• ABOUT THIS TASK
Check which lines in the records hold "median" and report how many there are, with no other text.

• INFORMATION
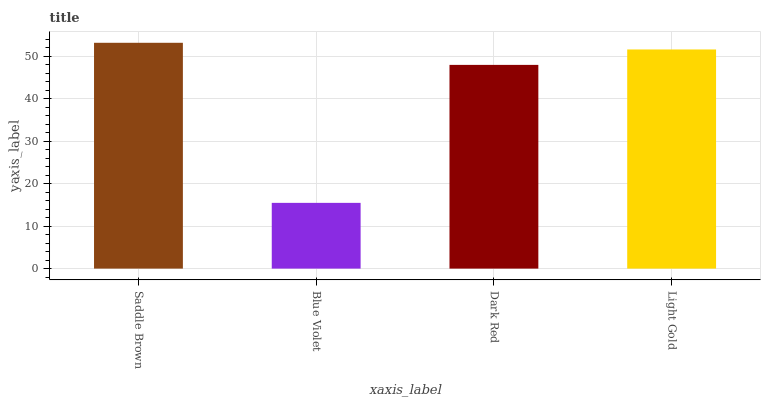Is Blue Violet the minimum?
Answer yes or no. Yes. Is Saddle Brown the maximum?
Answer yes or no. Yes. Is Dark Red the minimum?
Answer yes or no. No. Is Dark Red the maximum?
Answer yes or no. No. Is Dark Red greater than Blue Violet?
Answer yes or no. Yes. Is Blue Violet less than Dark Red?
Answer yes or no. Yes. Is Blue Violet greater than Dark Red?
Answer yes or no. No. Is Dark Red less than Blue Violet?
Answer yes or no. No. Is Light Gold the high median?
Answer yes or no. Yes. Is Dark Red the low median?
Answer yes or no. Yes. Is Dark Red the high median?
Answer yes or no. No. Is Light Gold the low median?
Answer yes or no. No.

• TASK RESULT
4